Et pourtant, ils n’ont rien à envier à leurs pairs des pays développés, si on les prenait en charge selon les normes universelles dictées par la psychologie et la pédagogie. En parlant de psychologie, nous avons assisté, effarés, à des scènes où des doctorants de l’université algérienne disent ne pas connaître tel ou tel psychologue d’envergure mondiale et ignorer des rudiments de la psychopédagogie. Et de nous avouer de l’indigence de la documentation universitaire qui est mal traduite du français vers l’arabe – quand cette traduction existe. La documentation qui existe en arabe est égyptienne et traduite de l’anglais. Selon ces témoignages, il s’agirait de textes qui sont dépassés par les progrès de la psychologie.

Avec ces programmes pavloviens, nos enfants deviendront des citoyens passifs qui consommeront la culture indigeste sans broncher.  

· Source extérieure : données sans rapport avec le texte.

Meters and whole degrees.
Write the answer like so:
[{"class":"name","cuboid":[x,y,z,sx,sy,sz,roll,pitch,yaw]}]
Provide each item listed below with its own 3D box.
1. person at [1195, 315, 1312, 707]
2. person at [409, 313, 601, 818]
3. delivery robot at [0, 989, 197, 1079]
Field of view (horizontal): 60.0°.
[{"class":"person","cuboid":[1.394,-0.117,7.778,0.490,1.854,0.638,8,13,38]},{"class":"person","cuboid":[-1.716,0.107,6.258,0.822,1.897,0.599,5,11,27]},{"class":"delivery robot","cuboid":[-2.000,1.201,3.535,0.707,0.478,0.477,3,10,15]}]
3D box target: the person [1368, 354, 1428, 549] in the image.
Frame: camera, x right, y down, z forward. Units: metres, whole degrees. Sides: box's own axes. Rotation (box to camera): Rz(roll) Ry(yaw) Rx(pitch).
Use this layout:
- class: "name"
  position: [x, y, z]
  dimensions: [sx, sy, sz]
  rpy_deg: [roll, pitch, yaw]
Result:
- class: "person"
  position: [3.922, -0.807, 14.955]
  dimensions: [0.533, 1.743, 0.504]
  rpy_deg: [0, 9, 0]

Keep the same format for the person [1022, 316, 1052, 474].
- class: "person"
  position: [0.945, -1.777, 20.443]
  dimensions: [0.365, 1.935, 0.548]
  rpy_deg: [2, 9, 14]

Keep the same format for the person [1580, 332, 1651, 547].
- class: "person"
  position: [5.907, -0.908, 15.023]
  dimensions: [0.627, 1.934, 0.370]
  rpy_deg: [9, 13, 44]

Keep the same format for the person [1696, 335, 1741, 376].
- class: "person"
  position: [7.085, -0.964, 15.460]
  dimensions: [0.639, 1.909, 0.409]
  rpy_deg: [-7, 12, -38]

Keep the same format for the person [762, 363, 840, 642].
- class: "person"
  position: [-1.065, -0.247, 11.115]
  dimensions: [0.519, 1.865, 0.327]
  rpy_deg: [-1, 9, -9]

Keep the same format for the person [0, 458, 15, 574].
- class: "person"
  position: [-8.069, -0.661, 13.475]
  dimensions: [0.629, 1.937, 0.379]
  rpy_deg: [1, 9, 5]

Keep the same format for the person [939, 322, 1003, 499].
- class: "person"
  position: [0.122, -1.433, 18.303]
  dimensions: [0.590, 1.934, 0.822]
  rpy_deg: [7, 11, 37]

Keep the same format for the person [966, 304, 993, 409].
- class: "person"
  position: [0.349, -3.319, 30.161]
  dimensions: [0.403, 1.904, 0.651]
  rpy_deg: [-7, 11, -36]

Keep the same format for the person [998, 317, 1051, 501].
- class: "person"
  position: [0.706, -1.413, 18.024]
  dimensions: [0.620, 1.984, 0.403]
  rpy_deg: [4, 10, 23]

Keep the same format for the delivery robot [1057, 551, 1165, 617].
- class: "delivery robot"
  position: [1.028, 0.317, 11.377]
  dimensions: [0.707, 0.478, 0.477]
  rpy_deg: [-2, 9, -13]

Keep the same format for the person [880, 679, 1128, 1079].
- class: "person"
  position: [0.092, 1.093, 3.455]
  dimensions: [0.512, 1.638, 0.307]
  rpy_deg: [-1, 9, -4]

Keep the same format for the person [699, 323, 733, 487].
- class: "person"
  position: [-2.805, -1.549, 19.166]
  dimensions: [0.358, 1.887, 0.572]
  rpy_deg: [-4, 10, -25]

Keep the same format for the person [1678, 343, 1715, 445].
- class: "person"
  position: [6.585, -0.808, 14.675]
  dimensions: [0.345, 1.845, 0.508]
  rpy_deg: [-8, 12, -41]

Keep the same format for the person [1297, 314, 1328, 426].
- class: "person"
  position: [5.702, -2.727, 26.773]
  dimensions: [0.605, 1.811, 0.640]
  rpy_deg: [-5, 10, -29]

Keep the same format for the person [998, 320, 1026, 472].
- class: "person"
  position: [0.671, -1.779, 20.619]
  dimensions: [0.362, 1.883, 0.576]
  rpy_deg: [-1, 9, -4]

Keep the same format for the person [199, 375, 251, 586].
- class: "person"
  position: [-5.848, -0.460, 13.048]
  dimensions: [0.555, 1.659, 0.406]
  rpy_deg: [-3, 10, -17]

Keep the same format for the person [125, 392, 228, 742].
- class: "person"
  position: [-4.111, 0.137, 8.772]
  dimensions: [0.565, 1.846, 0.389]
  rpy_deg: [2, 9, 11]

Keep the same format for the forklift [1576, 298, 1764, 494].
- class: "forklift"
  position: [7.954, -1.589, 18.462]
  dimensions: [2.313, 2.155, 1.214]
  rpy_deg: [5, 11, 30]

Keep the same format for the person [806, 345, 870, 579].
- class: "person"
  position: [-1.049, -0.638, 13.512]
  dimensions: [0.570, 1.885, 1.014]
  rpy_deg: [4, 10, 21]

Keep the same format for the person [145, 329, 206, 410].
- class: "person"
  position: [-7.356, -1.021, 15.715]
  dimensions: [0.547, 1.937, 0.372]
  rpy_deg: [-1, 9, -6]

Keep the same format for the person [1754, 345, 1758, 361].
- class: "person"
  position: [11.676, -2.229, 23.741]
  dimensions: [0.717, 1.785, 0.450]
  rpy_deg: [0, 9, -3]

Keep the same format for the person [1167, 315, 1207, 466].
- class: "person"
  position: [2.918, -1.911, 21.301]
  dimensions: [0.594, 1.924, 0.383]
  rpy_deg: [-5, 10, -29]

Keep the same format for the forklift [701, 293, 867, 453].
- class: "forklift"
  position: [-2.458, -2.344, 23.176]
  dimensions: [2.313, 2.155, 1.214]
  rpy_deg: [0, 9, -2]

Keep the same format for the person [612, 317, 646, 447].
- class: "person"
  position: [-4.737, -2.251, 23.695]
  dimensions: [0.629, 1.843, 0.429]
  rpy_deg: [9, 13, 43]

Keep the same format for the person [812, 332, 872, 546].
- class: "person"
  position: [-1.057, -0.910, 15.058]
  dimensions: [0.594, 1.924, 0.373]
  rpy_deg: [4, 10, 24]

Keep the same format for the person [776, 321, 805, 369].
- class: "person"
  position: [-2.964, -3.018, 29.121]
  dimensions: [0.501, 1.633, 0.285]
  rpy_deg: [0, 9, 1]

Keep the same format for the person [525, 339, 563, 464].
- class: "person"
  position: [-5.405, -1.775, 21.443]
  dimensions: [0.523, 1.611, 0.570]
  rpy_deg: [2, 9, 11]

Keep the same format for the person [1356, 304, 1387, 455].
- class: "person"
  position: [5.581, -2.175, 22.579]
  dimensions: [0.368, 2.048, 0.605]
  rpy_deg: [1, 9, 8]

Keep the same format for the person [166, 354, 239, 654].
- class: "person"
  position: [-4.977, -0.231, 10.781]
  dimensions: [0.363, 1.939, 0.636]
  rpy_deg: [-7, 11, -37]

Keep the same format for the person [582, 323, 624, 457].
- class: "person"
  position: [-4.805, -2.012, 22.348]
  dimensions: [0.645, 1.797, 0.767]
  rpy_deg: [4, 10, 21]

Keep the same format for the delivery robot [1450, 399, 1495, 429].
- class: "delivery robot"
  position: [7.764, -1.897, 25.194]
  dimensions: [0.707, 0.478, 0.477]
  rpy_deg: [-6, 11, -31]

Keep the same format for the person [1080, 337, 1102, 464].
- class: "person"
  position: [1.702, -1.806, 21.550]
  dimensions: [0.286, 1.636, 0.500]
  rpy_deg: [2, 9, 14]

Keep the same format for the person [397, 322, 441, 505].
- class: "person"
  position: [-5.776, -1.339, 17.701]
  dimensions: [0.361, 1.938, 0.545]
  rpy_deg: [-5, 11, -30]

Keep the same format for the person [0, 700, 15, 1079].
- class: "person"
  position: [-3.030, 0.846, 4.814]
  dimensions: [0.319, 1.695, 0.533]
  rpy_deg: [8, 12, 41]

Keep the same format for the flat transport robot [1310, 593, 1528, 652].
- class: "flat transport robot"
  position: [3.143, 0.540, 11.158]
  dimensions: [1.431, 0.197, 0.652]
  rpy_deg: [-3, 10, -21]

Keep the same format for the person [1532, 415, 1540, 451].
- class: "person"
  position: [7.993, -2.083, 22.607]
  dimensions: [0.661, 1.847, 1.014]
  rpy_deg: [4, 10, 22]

C’est là le sort réservé aux élèves de l’École publique, celle du bon peuple. Les établissements scolaires privés, les classes spécifiques du lycée Bouamama ou les établissements relevant d’ambassades étrangères (école, collège et lycée) sont la chasse gardée des enfants de gens aisés socialement – y compris ceux, parrains de ce choix idéologico-pédagogique du “gavage de tête”. En décrétant l’école espace de mémorisation de leçons et d’automatismes (en maths, physiques) – et non pas d’épanouissement des fonctions intellectuelles supérieures (compréhension, analyse, synthèse, créativité, esprit critique) –, nous avons ouvert la boîte de Pandore de la mafia des neurones. La voie royale est tracée pour des charlatans sans foi ni loi et que rien ne fait reculer – pas même la Loi.